EXERCISE GOAL:
What you return should be every line below, word for word, and none of the images.

PROVIDED ENTRIES:

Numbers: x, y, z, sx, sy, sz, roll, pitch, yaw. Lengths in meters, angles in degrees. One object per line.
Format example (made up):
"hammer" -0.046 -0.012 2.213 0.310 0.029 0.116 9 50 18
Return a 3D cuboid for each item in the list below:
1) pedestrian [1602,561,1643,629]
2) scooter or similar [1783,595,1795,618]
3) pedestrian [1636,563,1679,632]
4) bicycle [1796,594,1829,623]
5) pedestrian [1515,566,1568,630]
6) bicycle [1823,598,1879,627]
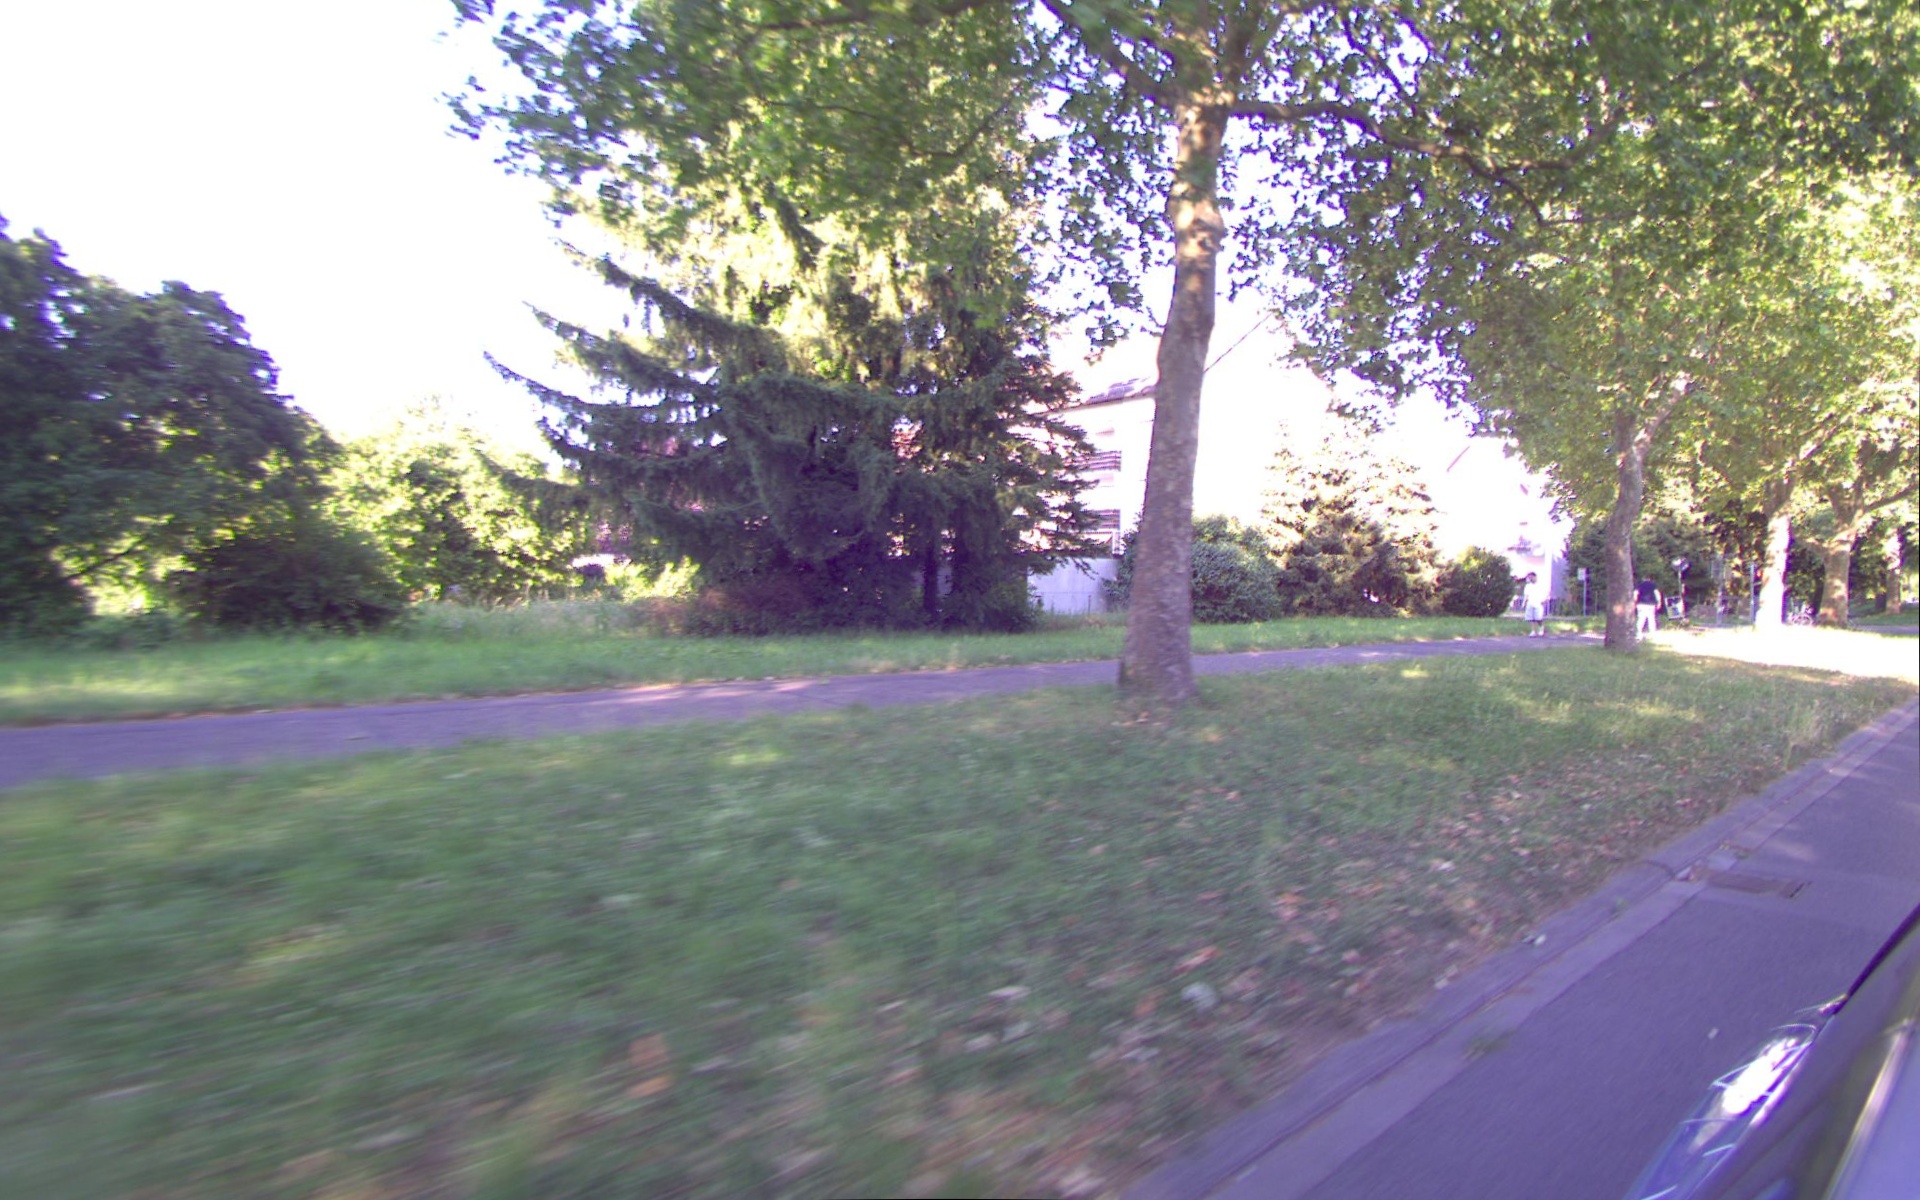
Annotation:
"pedestrian" 18.795 -0.147 28.708 0.788 1.870 0.756 1 1 -40
"scooter or similar" 45.217 0.348 55.189 0.382 1.211 1.235 0 0 44
"pedestrian" 19.326 -0.082 28.033 0.773 1.869 0.763 1 1 -40
"bicycle" 33.448 0.332 39.715 0.442 1.096 1.989 4 1 26
"pedestrian" 15.732 -0.060 27.391 0.919 1.670 0.784 1 1 -21
"bicycle" 34.829 0.462 39.600 0.437 1.048 1.723 3 1 -8

COMPLETED TASK:
Numbers: x, y, z, sx, sy, sz, roll, pitch, yaw. Lengths in meters, angles in degrees. One object per line.
Format example (made up):
"hammer" -0.046 -0.012 2.213 0.310 0.029 0.116 9 50 18
Return a 3D cuboid for each item in the list below:
1) pedestrian [1602,561,1643,629]
2) scooter or similar [1783,595,1795,618]
3) pedestrian [1636,563,1679,632]
4) bicycle [1796,594,1829,623]
5) pedestrian [1515,566,1568,630]
6) bicycle [1823,598,1879,627]
Annotation:
"pedestrian" 18.795 -0.147 28.708 0.788 1.870 0.756 1 1 -40
"scooter or similar" 45.217 0.348 55.189 0.382 1.211 1.235 0 0 44
"pedestrian" 19.326 -0.082 28.033 0.773 1.869 0.763 1 1 -40
"bicycle" 33.448 0.332 39.715 0.442 1.096 1.989 4 1 26
"pedestrian" 15.732 -0.060 27.391 0.919 1.670 0.784 1 1 -21
"bicycle" 34.829 0.462 39.600 0.437 1.048 1.723 3 1 -8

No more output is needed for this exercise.